Shelter to Storm, Crown to Cross: On the Road in Holy Week

We begin a symbol-rich journey tomorrow morning on the first day of the holiest week on the Christian calendar. Much of Holy Week can feel like we’re engaged in a religious version of historical re-enactment—tracing and “performing” the events of the last week of the life of Jesus—but if so, it’s certainly not chronologically tidy.

Biblical accounts of the Gospel likewise resist theologically neatness, too, which makes it almost impossible to focus on what we might want to believe about whatever it is we happen to be doing on any given day of this week—if you observe a service of Tenebrae on Wednesday, for example, you’ll likely be reflecting on the Cross, even though we haven’t had the Maundy Thursday observance of the “last supper” yet.

“At the Crossroads,” Richard Bledsoe

In addition to the biblical, liturgical, and doctrinal complexity, we now face the cultural chaos of the wider world: bombs falling in the Middle East; “No Kings” rallies around the United States; a new Archbishop of Canterbury “enthroned” for the Anglican Communion; and planetary ecosystems devolving into climatic chaos faster (much faster) than scientists had predicted (and that’s a short list).

The title of that wonderful 2022 film notwithstanding, we can’t think of “everything everywhere all at once,” but we can take one step a time, with biblical stories in one hand and liturgical texts in the other—and especially with the deep breathing and gentle accompaniment of companions to travel with us along the road.

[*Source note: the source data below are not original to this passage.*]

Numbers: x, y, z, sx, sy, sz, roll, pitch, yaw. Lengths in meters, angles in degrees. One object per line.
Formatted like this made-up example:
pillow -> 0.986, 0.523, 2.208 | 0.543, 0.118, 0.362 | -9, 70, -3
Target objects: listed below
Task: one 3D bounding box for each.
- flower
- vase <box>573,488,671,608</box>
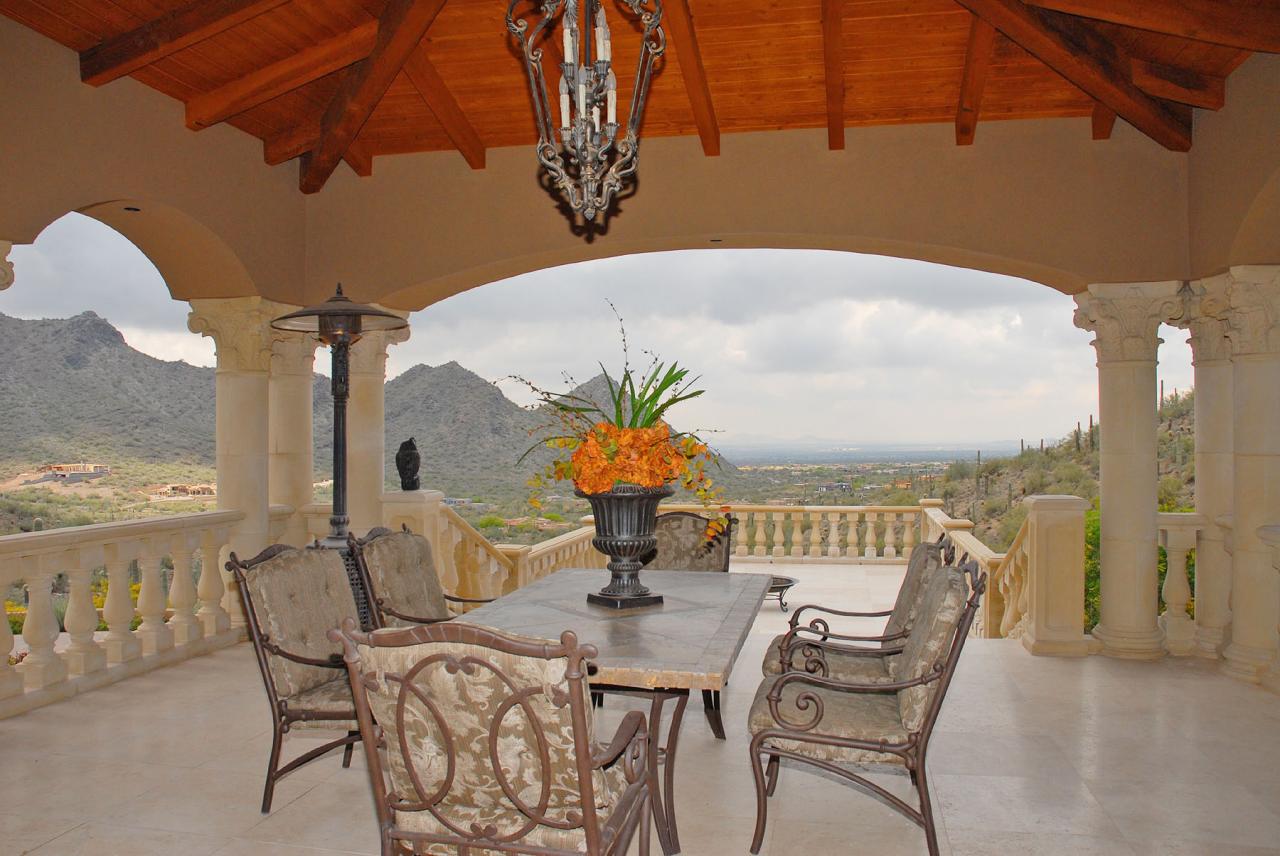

Even more, I’ve realized over the years that the Holy Week journey is made richer by choosing just one image or a single vignette or a narrative arc among the many stories we’ll hear and then letting that carry me through the week into Easter Day. This year, I’m intrigued by the image of a road, and a particular one at that: the one from the village of Bethany to the city of Jerusalem.

The lectionary this year has been giving us a series of stories from John’s account of the Gospel on these Lenten Sundays, and last week’s was one of my favorites: the raising of Lazarus from the dead (11:1-45).

The small village of Bethany—just about four miles or so from Jerusalem along a road that crosses the Mt. of Olives—was apparently a place of rest and renewal for Jesus in the home of Lazarus and his two sisters, Mary and Martha. That quiet spot was sufficiently removed from the urban hustle-and-bustle of Jerusalem (including all the religious intrigue and imperial adornments) that I can easily imagine Jesus relishing that spot as a place to take a deep breath and leave his worries behind, at least for a short while, whenever he spent time with that family of friends.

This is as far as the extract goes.